## Task prompt:
The answer must consist of every line from the data that holds the string "sides".

## Data excerpts:
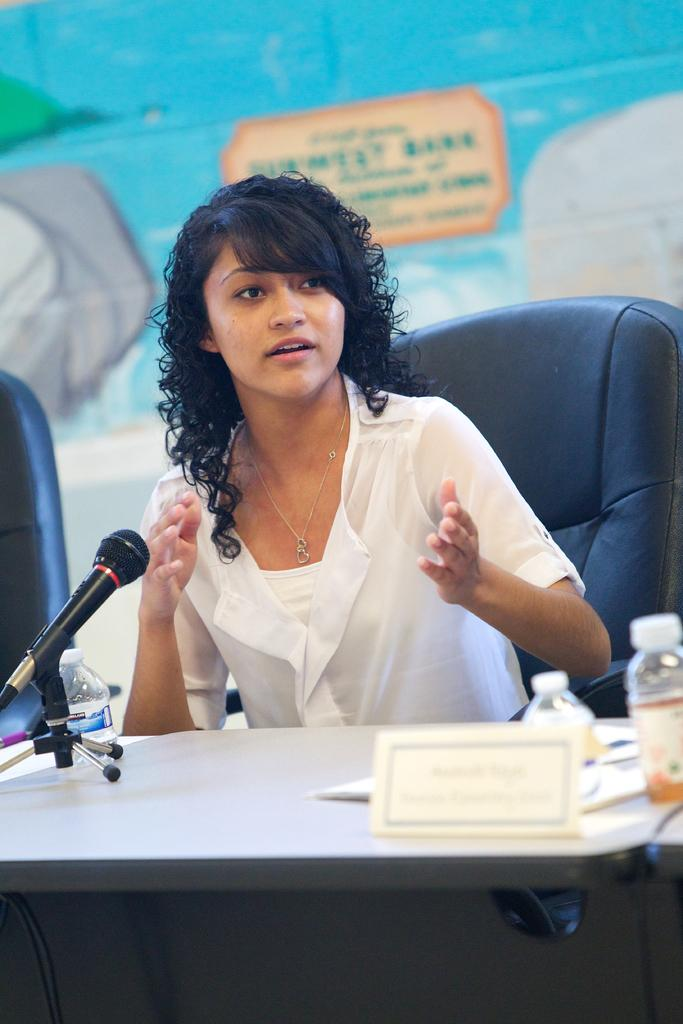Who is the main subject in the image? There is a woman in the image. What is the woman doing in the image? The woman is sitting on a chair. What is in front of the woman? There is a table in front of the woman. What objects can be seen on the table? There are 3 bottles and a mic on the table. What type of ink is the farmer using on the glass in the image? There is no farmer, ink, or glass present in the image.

---

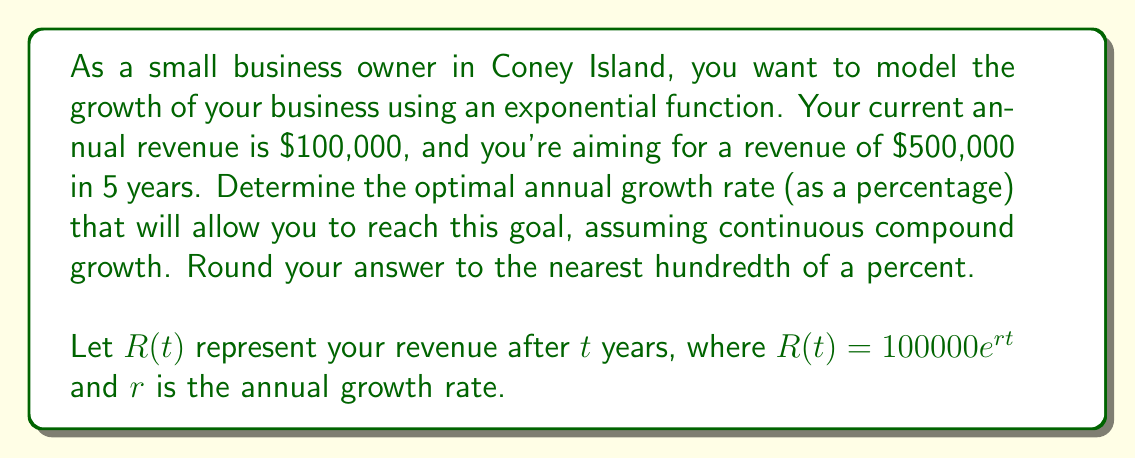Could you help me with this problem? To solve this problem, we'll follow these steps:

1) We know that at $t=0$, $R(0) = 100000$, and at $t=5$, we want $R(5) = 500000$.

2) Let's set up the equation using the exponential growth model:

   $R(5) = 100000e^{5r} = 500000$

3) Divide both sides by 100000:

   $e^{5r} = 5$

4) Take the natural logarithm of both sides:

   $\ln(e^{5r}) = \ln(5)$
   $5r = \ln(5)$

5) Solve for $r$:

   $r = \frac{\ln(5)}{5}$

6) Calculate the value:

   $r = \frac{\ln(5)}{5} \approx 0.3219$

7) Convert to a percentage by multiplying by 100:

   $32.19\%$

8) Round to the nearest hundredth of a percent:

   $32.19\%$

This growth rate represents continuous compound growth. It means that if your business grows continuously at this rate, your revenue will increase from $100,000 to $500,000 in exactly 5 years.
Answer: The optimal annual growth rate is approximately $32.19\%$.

## Exercise output:
3) Divide both sides by 100000:
4) Take the natural logarithm of both sides:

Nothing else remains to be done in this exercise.